Markets have been spinning wildly as investors try, sometimes blindly, to gauge how high Russia's attack on Ukraine will push prices for oil, wheat and other commodities where the region is a major producer. On top of that are worries about what upcoming hikes in interest rates by the Federal Reserve and other central banks around the world will do to the economy and inflation.
Powell said in testimony to Congress that the Fed is set to raise its key interest rate for the first time since 2018. But he also said the attack on Ukraine may have muddied conditions, with its impact on the U.S. economy “highly uncertain,” adding that “we're never on autopilot.”
The Fed is balancing a tightrope where it needs to raise interest rates enough to rein in the highest inflation in generations but not so much that it pushes the economy into a recession. All the while, higher interest rates tend to put downward pressure on stocks and most other investments.

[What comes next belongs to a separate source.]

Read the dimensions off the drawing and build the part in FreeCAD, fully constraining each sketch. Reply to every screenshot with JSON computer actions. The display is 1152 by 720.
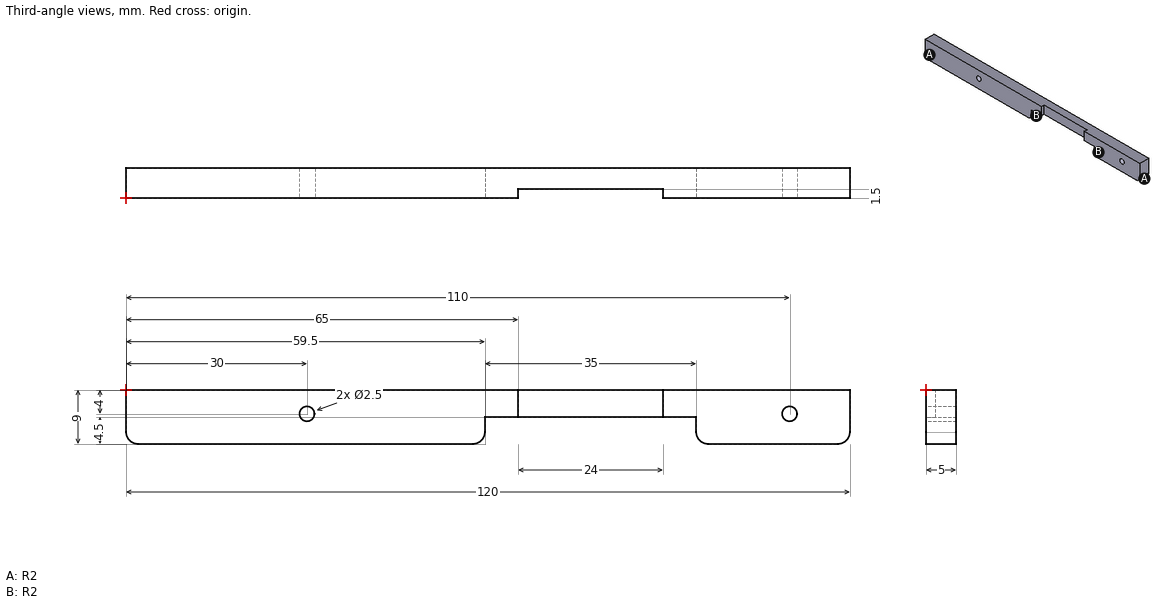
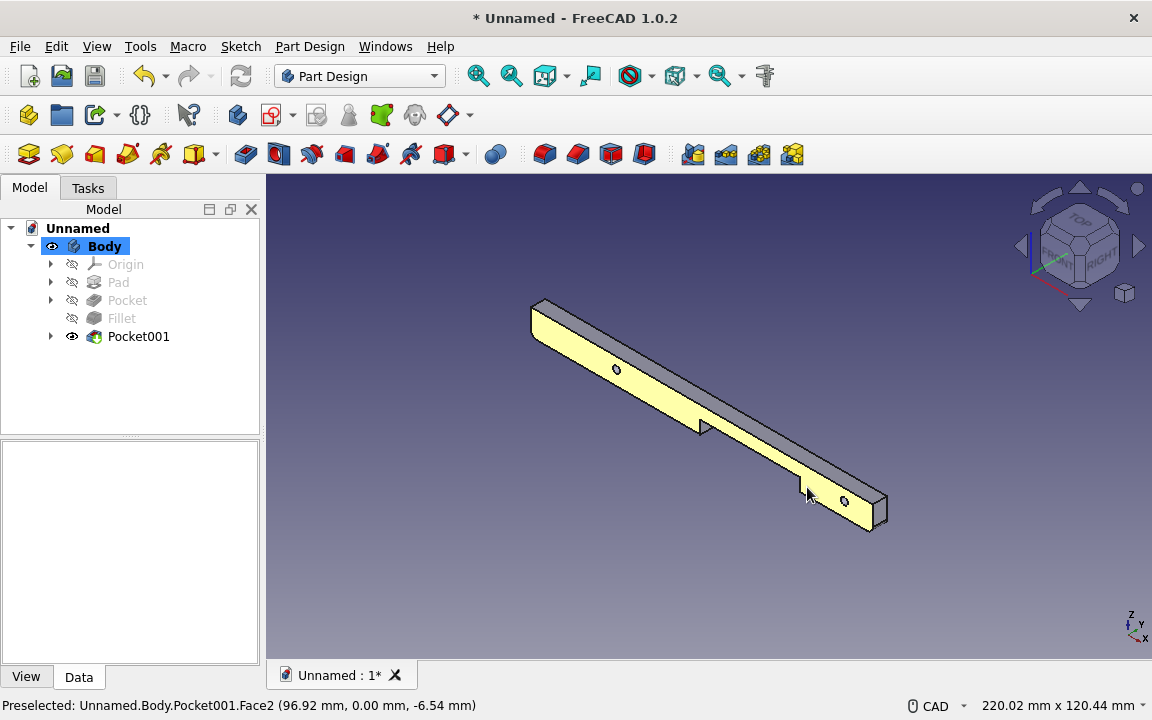
{"action": "scroll", "coordinate": [848, 415], "scroll_direction": "up", "scroll_amount": 4}
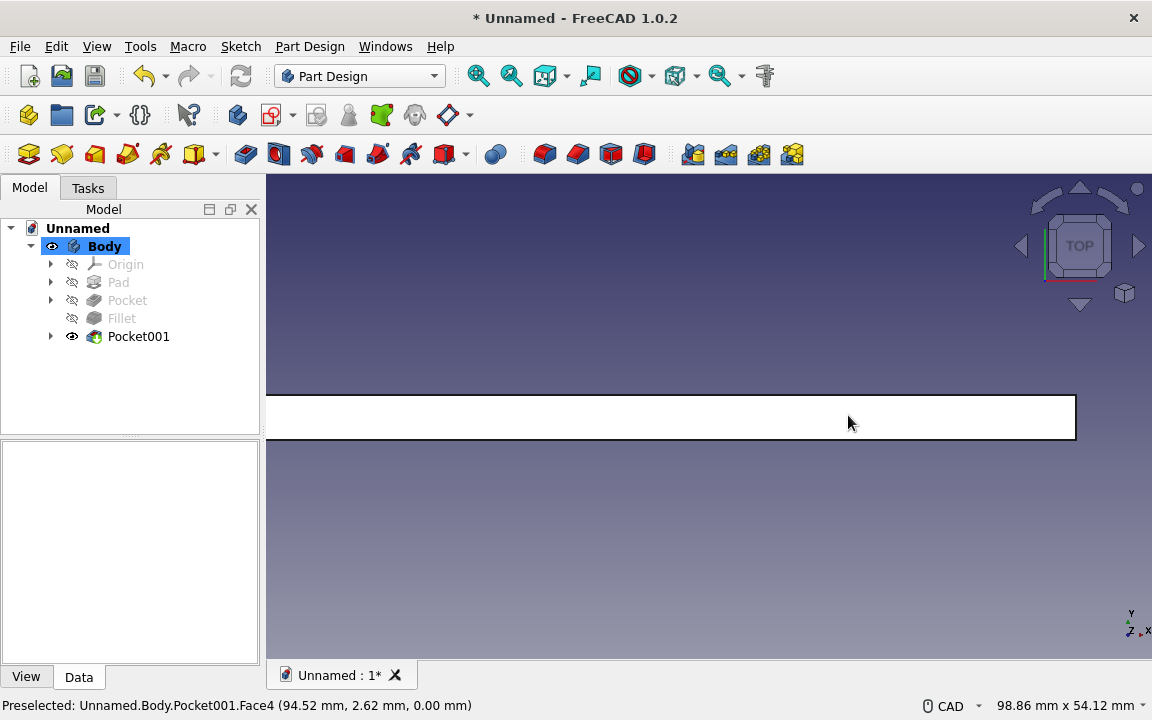
{"action": "key", "text": "v f"}

The yield on the 10-year Treasury leaped to 1.89% from 1.72% late Tuesday, while the two-year Treasury surged to 1.53% from 1.31%. Yields, though, remain well below where they were before Russia’s invasion. The 10-year yield was above 2% last month, before it plunged as investors plowed into investments seen as safer amid worries about war.

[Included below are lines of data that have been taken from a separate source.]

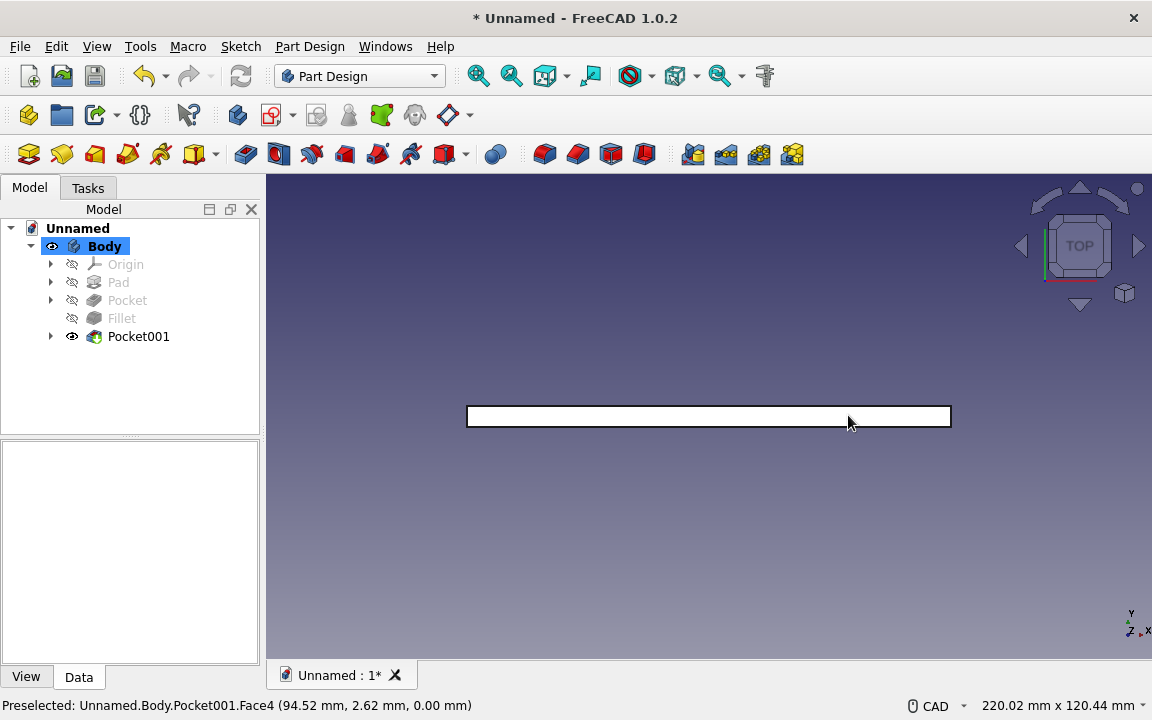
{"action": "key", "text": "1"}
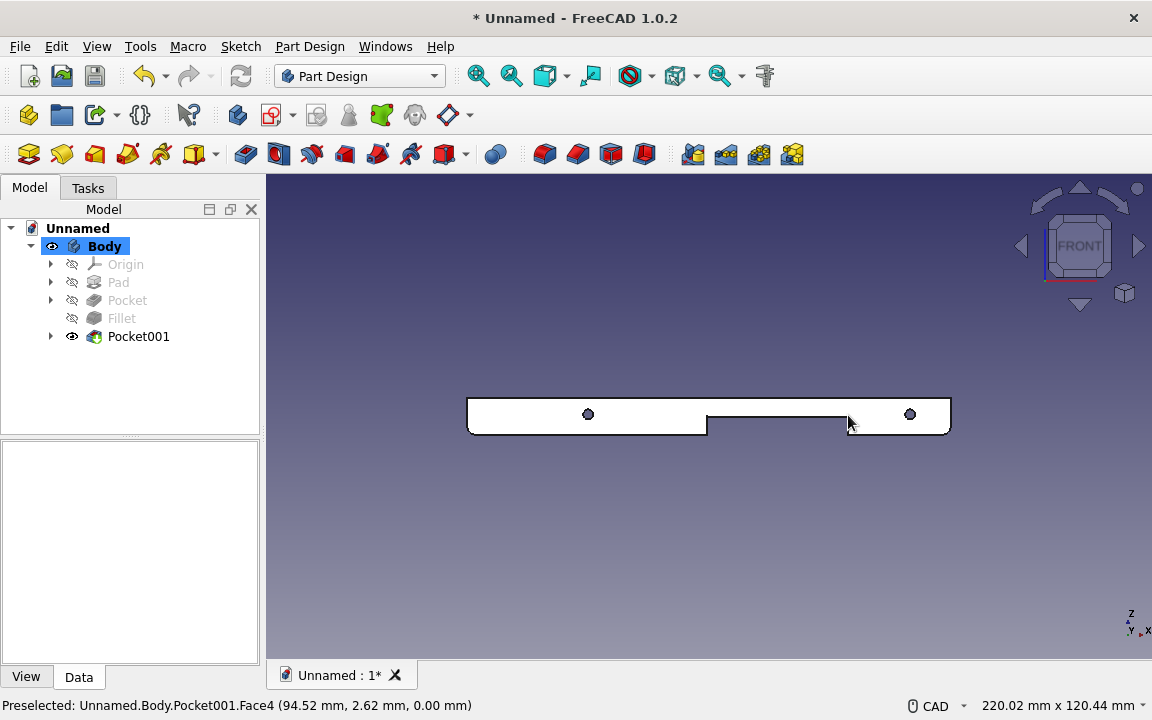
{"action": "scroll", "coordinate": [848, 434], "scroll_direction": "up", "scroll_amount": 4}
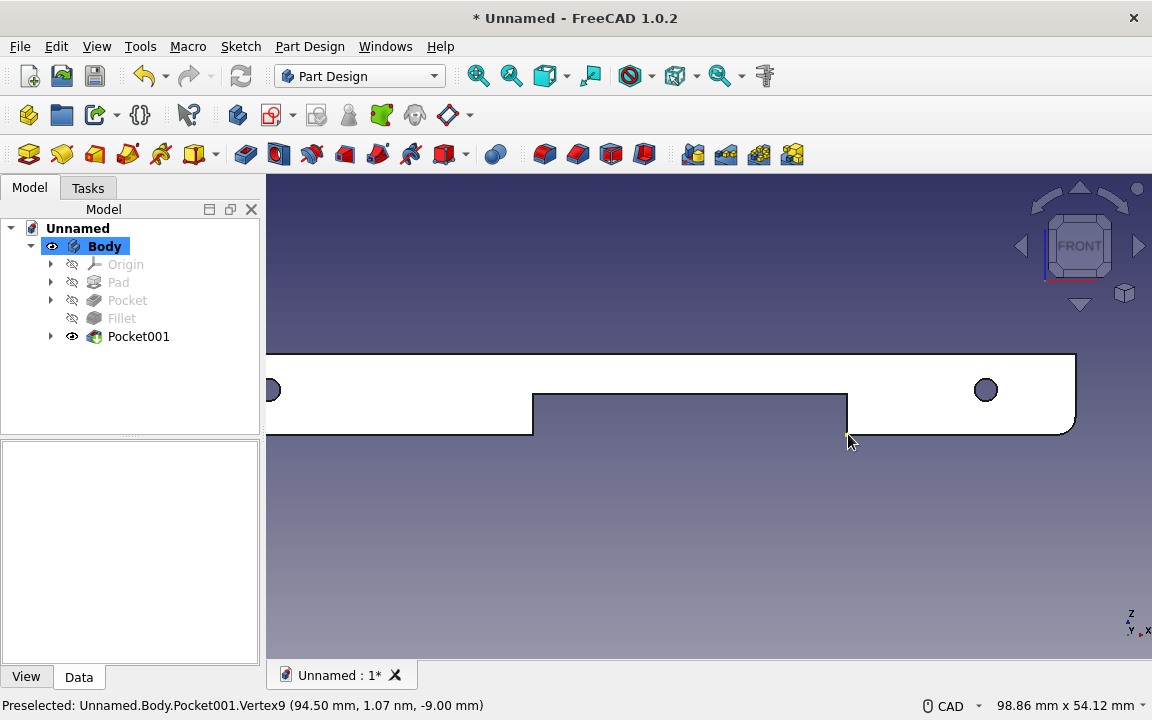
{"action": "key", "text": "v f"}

The price of U.S. oil jumped another 7% to $110.60 per barrel, the highest level in just over a decade. Brent crude, the international standard, climbed 7.6% to $112.93 per barrel.
Leaders of OPEC and other major oil-producing countries decided Wednesday to stick with their plan to gradually increase oil production. The OPEC+ coalition of oil producers, made up of OPEC members led by Saudi Arabia and non-cartel members led by Russia, chose to increase oil production by 400,000 barrels per day in April.
The move follows a perhaps less impactful decision by the United States and other major governments in the International Energy Agency to release 60 million barrels from strategic reserves to boost supplies.
“Markets dismissed the notion that 60 million barrels of strategic reserves released will be consequential to the risks of Russian supply jeopardized,” Tan Boon Heng of Mizuho Bank said in a report. “Russia pumps more than that in just six days.”
In the stock market, all the uncertainty about oil prices and inflation has led to big swings not only by the day but also by the hour. The S&P 500 swung between gains of 0.4% and 2.2% Wednesday. It closed 80.28 points higher to 4,386.54.
The Dow Jones Industrial Average rose 596.40 points, or 1.8%, to 33,891.35, while the Nasdaq composite gained 219.56 points, or 1.6%, to 13,752.02.
More than 90% of stocks in the S&P 500 rose, with technology, financial and health care companies accounting for a big share of the rally. Bank stocks led the gainers, climbing 2.6%, as higher longer-term interest rates can mean bigger profits for them making loans. Energy stocks also helped lift the index as they rode higher energy prices.
Ross Stores climbed 6.1% after the retail chain reported stronger profit for its last quarter than analysts expected.
Ford jumped 8.4% after it said it was accelerating its transformation into an electric-vehicle company and split its EV and internal combustion operations into two individual businesses.
Stock markets around the world were mixed. France’s CAC 40 rose 1.6%, Germany’s DAX returned 0.7% and Japan’s Nikkei 225 fell 1.7%.
Russia’s central bank said stock trading on the Moscow exchange would remain closed Wednesday for a third day, though trading of currencies and precious metals would resume for the first time this week.
Late Tuesday, President Joe Biden announced he was joining U.S. allies in closing the country’s air space to Russian aircraft, the latest in a set of sanctions and other measures meant to isolate Russia.
But Biden also said in his annual State of the Union speech that he would try to cushion Americans against the impact of higher oil prices. “I will use every tool at our disposal to protect American businesses and consumers,” Biden said.